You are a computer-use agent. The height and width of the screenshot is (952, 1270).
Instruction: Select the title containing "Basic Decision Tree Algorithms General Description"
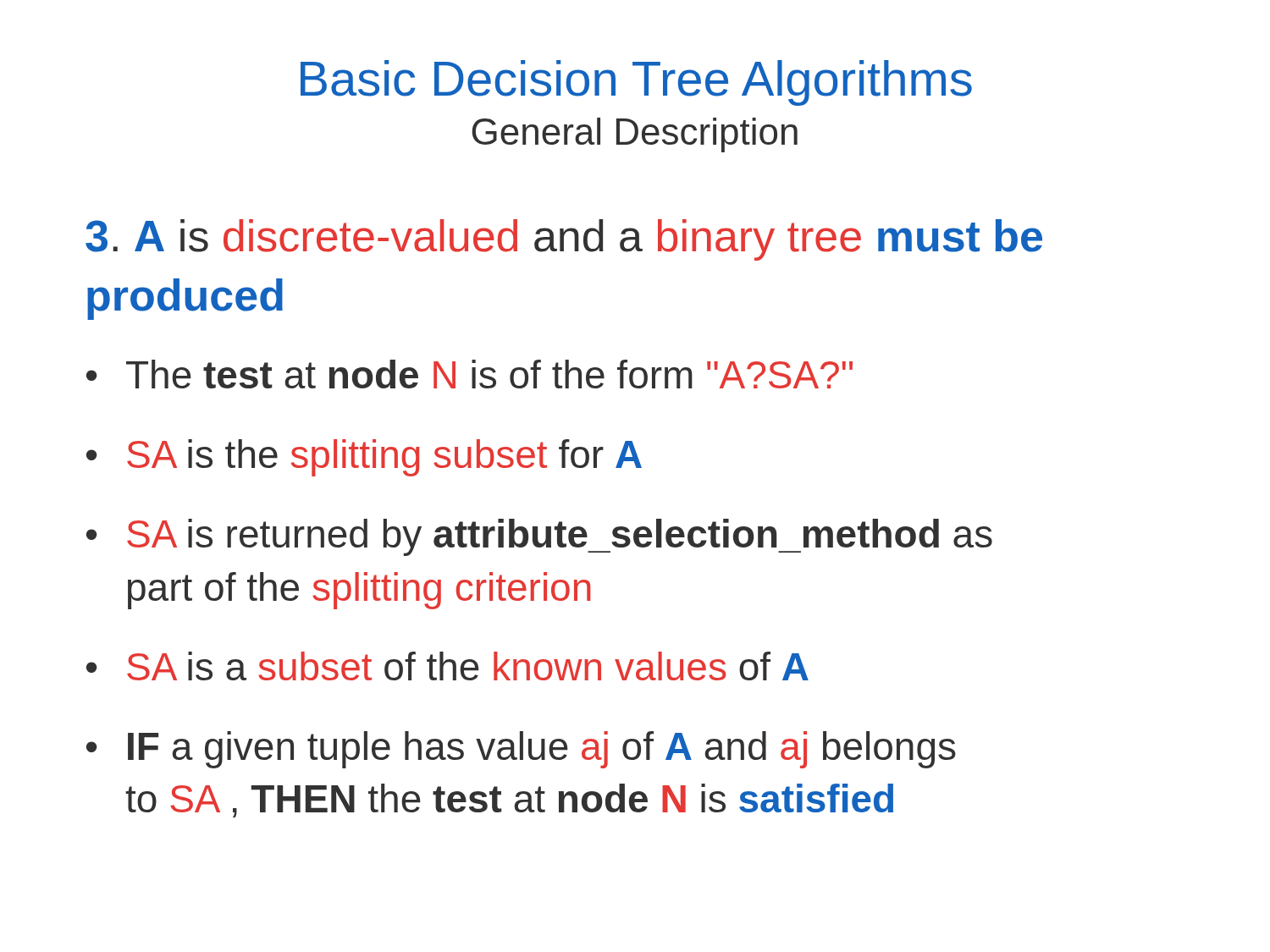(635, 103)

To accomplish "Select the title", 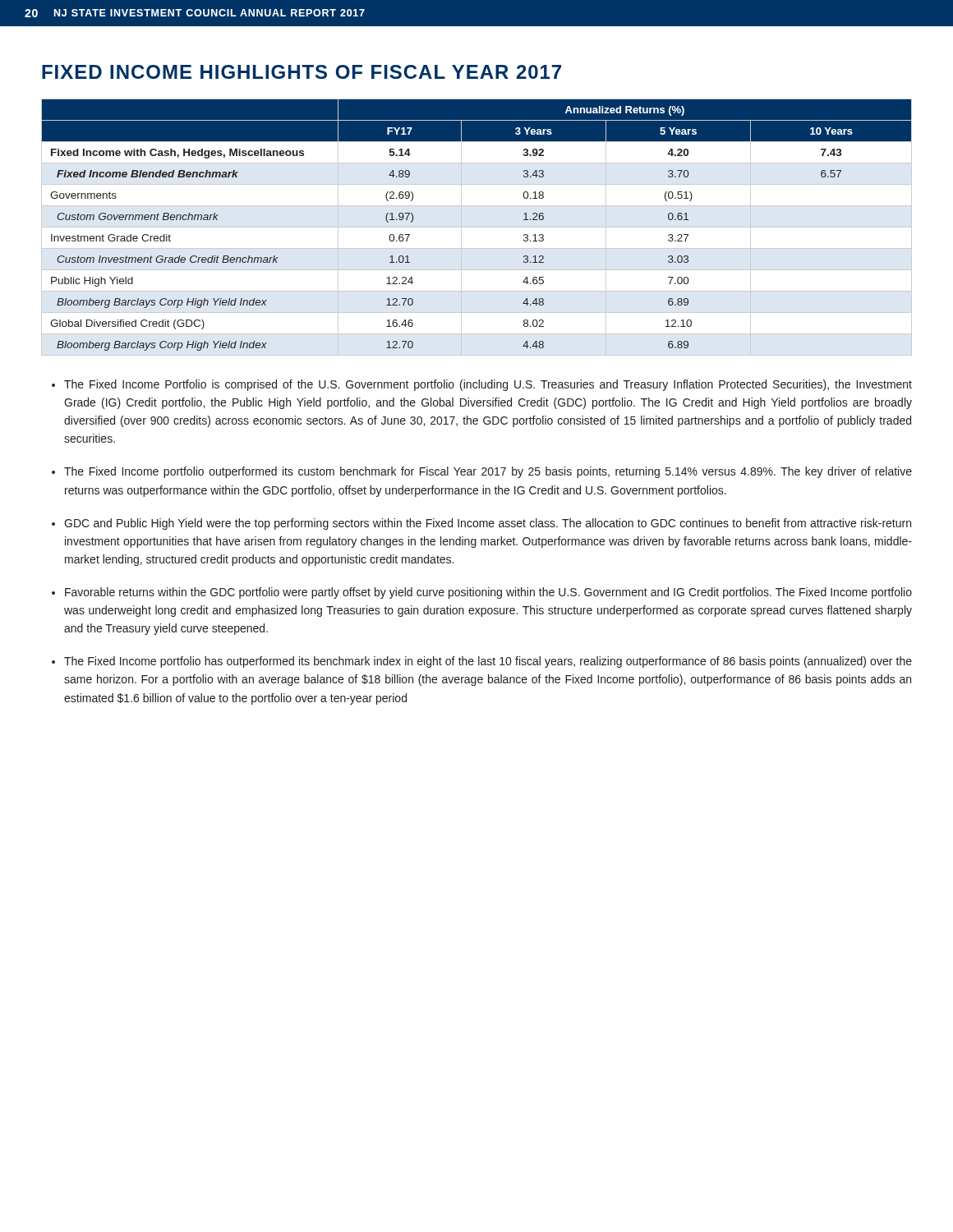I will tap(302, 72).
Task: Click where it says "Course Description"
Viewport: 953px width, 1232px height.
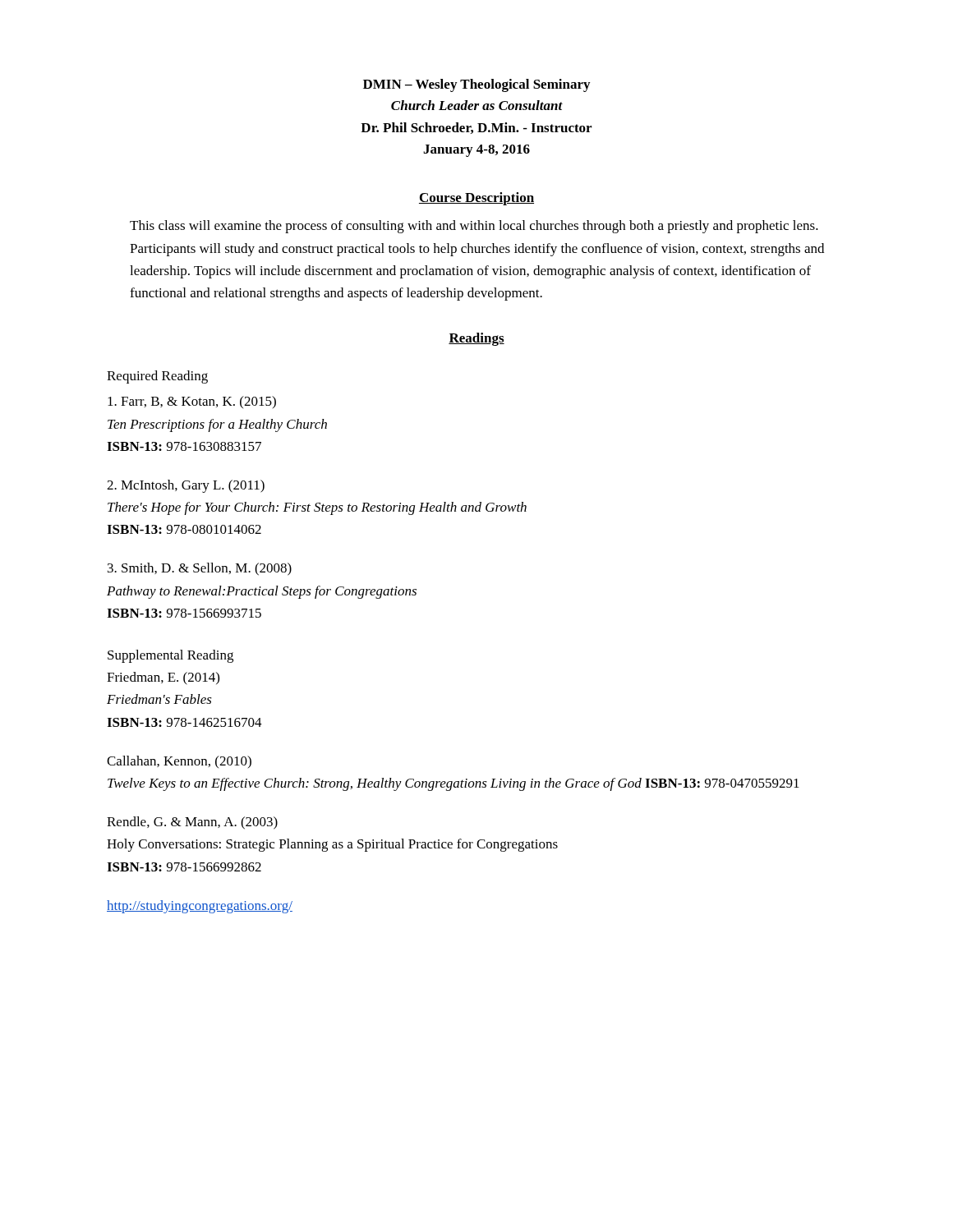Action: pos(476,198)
__________________________________________________
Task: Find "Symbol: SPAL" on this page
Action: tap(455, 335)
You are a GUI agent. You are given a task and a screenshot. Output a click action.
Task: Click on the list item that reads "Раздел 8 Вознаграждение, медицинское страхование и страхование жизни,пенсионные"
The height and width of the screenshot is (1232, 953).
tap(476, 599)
__________________________________________________
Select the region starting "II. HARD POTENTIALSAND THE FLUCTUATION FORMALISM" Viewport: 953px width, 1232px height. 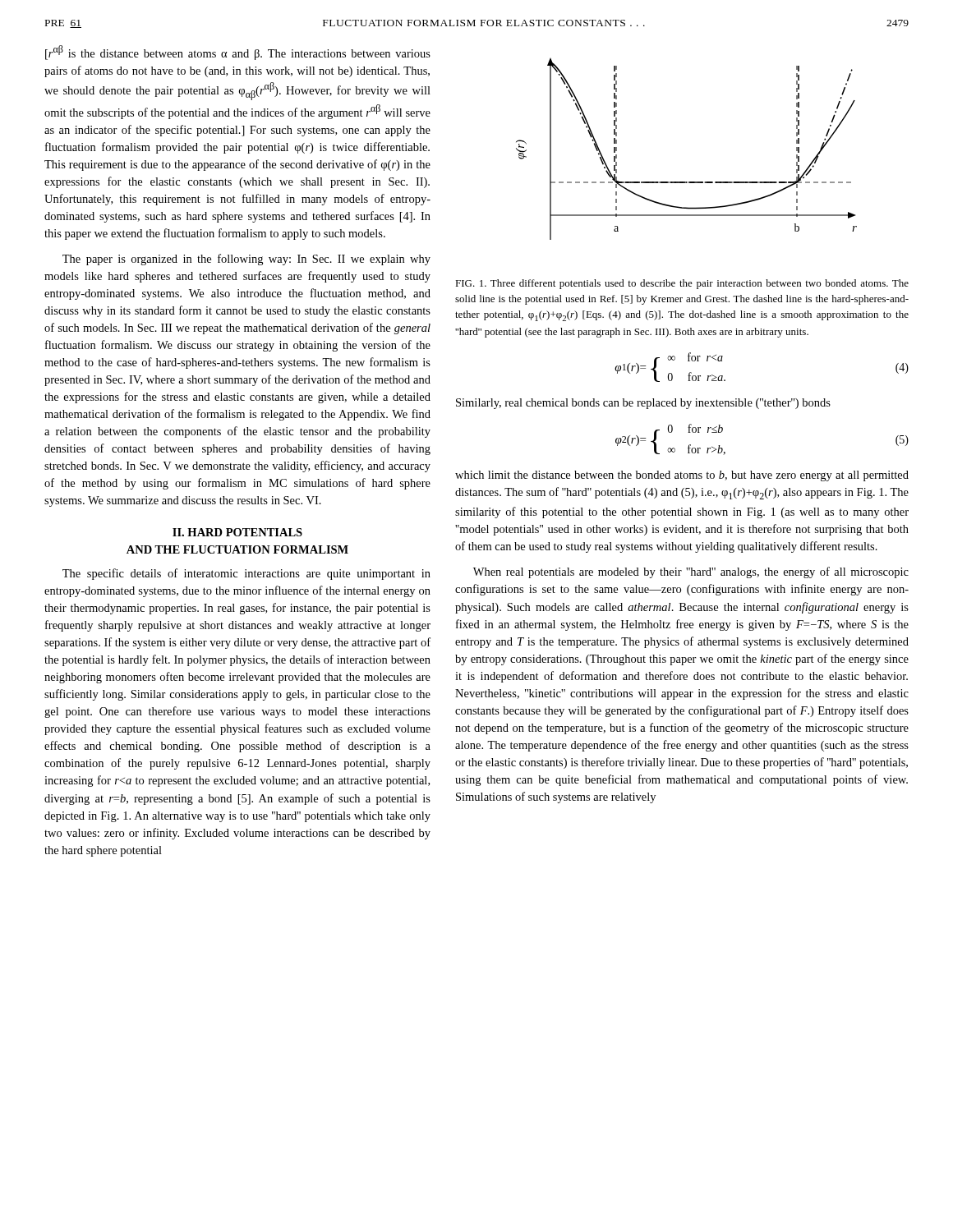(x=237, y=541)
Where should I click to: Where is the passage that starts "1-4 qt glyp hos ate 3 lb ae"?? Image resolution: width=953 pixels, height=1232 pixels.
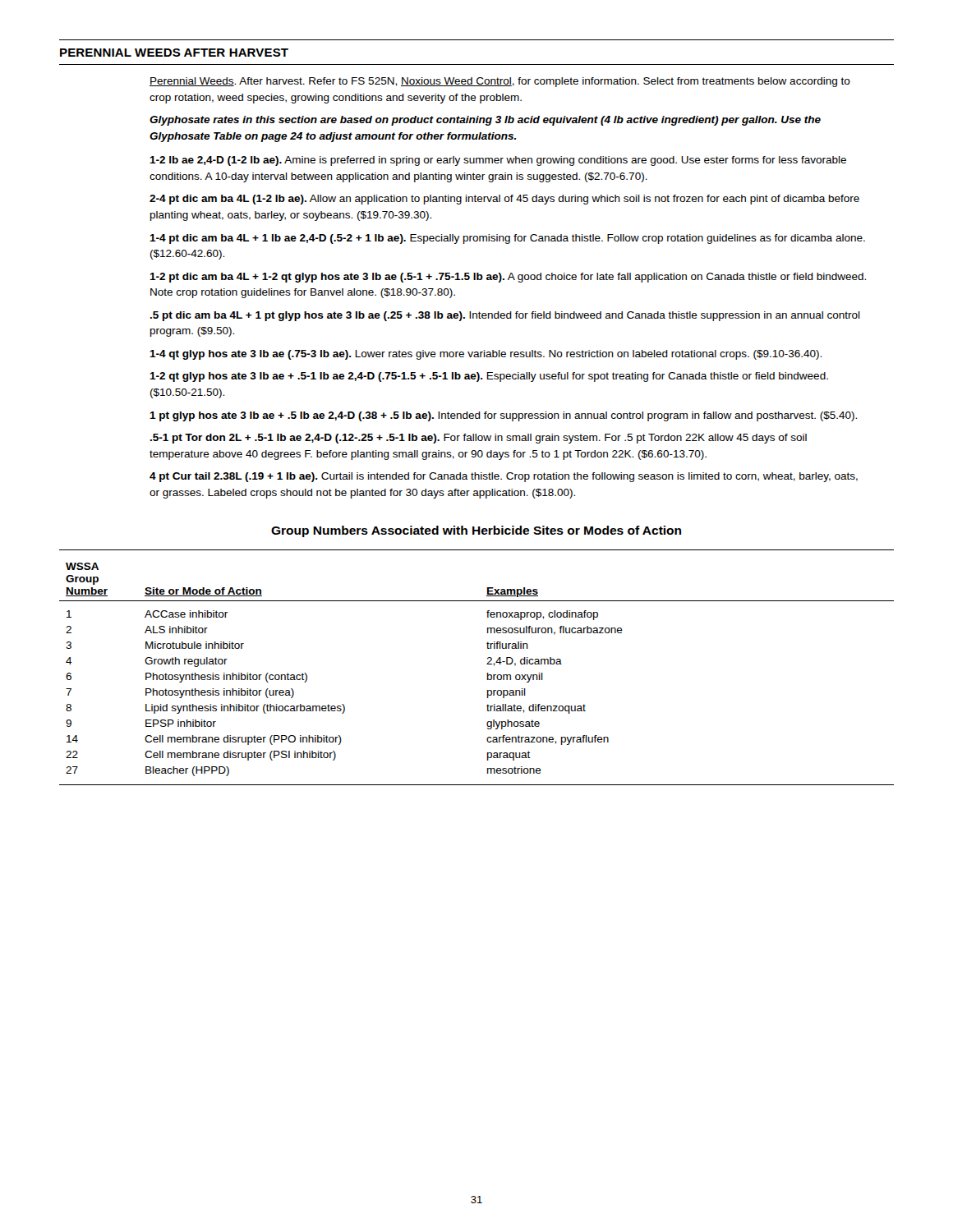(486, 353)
__________________________________________________
» **To do**
Only a number is expected: how many lines of the data include the string "agent".

» **Written response**
2